**Problem description**
What is the number of lines in the data that contain "Objective"? Nothing besides that number, please.

[Dataset records]
--*--
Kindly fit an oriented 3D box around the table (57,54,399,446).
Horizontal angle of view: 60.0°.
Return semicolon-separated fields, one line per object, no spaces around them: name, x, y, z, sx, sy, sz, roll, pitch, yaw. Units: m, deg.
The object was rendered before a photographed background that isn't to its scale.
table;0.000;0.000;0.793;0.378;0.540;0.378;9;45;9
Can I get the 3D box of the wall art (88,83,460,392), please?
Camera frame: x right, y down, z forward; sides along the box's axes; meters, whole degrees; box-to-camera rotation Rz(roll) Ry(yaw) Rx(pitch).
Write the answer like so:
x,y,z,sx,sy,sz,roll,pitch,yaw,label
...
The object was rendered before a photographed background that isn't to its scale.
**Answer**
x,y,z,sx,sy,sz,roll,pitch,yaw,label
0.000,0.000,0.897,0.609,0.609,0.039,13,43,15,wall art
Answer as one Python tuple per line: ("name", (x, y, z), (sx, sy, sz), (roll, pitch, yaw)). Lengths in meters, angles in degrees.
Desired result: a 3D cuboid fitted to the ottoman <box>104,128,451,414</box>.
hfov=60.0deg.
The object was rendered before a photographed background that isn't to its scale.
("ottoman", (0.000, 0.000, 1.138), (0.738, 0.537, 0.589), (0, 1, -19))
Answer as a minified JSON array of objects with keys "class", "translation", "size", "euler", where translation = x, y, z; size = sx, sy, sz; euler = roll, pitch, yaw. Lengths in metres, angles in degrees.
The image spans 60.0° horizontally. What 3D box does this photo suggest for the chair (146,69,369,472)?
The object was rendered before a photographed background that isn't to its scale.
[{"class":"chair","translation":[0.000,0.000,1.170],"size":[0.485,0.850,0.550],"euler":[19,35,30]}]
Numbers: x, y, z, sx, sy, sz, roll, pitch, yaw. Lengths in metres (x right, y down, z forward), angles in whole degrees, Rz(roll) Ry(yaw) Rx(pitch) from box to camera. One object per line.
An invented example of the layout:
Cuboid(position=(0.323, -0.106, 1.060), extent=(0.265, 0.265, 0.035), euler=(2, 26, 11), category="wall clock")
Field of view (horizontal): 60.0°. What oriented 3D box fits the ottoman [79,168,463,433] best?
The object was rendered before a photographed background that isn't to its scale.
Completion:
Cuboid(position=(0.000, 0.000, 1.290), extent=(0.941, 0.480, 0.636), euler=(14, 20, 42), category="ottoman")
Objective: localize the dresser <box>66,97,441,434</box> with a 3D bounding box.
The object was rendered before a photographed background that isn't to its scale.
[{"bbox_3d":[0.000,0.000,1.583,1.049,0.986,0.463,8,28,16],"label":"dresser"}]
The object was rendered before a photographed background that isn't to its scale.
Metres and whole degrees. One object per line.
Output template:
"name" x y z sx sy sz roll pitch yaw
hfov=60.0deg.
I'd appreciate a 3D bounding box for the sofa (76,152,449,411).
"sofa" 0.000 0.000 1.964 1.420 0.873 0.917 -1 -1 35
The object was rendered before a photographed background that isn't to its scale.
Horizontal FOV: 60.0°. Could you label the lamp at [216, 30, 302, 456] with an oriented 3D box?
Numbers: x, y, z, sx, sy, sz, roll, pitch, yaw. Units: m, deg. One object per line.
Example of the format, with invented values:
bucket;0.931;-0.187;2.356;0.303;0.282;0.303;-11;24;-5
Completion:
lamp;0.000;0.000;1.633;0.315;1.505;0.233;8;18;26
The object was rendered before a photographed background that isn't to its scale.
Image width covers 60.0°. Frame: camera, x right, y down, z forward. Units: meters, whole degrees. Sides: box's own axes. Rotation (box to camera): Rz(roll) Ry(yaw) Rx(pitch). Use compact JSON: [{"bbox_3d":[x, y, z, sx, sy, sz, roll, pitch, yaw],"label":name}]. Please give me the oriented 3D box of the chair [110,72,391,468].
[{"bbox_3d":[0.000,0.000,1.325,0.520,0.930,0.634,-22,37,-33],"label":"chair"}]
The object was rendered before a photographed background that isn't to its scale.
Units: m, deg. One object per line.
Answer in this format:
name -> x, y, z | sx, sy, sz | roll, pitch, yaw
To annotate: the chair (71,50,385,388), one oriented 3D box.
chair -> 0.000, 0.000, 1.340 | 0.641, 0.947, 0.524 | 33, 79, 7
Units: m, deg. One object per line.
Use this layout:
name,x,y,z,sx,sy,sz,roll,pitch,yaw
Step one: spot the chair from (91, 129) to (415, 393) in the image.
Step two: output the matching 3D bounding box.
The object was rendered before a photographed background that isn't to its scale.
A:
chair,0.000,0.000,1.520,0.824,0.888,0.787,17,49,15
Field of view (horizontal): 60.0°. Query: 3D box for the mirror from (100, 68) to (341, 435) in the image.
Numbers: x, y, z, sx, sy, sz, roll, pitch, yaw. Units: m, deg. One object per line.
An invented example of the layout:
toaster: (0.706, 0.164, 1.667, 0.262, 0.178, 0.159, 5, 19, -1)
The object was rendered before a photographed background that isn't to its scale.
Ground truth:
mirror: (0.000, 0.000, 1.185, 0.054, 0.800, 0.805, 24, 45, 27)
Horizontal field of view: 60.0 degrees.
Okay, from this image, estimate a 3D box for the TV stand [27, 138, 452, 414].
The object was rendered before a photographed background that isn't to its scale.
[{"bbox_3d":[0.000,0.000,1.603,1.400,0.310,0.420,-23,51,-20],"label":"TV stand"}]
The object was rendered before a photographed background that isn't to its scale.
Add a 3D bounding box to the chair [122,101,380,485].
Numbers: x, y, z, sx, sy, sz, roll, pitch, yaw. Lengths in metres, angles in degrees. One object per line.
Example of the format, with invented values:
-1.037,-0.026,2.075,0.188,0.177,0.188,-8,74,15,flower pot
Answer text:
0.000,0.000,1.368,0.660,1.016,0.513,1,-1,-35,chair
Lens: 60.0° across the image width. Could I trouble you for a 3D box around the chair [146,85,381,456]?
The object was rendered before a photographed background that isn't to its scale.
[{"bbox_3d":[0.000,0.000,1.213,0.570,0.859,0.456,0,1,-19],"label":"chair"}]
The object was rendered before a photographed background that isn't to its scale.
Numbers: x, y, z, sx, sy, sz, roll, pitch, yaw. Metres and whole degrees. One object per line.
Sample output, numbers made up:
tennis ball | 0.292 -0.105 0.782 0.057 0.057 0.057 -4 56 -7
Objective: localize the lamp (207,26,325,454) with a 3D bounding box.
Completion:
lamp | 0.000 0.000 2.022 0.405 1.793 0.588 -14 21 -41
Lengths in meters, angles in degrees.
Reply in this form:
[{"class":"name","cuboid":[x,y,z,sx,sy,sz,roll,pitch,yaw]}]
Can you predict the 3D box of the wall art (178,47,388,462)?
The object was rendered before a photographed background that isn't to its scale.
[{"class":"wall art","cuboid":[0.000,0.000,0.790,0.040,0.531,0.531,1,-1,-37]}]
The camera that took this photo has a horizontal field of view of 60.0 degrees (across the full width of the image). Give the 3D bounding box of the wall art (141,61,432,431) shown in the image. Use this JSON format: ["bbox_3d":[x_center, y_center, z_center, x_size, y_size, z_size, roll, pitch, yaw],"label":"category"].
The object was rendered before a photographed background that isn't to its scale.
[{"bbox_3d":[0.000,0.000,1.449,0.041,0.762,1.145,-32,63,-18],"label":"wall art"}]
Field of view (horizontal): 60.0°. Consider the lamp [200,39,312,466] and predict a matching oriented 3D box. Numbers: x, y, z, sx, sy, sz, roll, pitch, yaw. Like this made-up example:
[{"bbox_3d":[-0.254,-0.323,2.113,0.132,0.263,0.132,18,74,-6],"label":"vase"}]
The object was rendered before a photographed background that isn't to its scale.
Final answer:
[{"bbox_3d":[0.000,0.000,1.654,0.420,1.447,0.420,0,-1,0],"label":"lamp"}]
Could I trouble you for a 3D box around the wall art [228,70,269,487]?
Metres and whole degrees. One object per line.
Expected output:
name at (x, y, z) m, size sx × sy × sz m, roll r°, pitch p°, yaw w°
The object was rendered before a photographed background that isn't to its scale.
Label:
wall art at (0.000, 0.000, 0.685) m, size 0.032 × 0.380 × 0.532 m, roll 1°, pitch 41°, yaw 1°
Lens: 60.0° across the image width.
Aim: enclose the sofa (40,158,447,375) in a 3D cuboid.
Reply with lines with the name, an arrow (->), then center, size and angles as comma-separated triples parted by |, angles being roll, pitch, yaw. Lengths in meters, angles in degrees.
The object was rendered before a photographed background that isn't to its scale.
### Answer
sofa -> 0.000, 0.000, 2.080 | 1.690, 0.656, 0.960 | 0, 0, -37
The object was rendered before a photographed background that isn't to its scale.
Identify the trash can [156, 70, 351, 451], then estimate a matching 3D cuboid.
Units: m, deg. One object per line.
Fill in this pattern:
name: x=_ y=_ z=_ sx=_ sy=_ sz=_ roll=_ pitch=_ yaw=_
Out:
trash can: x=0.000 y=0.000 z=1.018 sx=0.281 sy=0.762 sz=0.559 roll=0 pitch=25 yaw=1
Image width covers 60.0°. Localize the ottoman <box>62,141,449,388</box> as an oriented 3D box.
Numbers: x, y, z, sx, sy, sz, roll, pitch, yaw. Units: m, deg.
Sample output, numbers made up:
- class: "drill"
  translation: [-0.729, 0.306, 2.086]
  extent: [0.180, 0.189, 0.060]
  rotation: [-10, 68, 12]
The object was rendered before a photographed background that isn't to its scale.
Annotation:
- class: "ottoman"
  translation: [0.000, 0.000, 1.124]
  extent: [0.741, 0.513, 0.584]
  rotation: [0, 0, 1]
--*--
**Task response**
2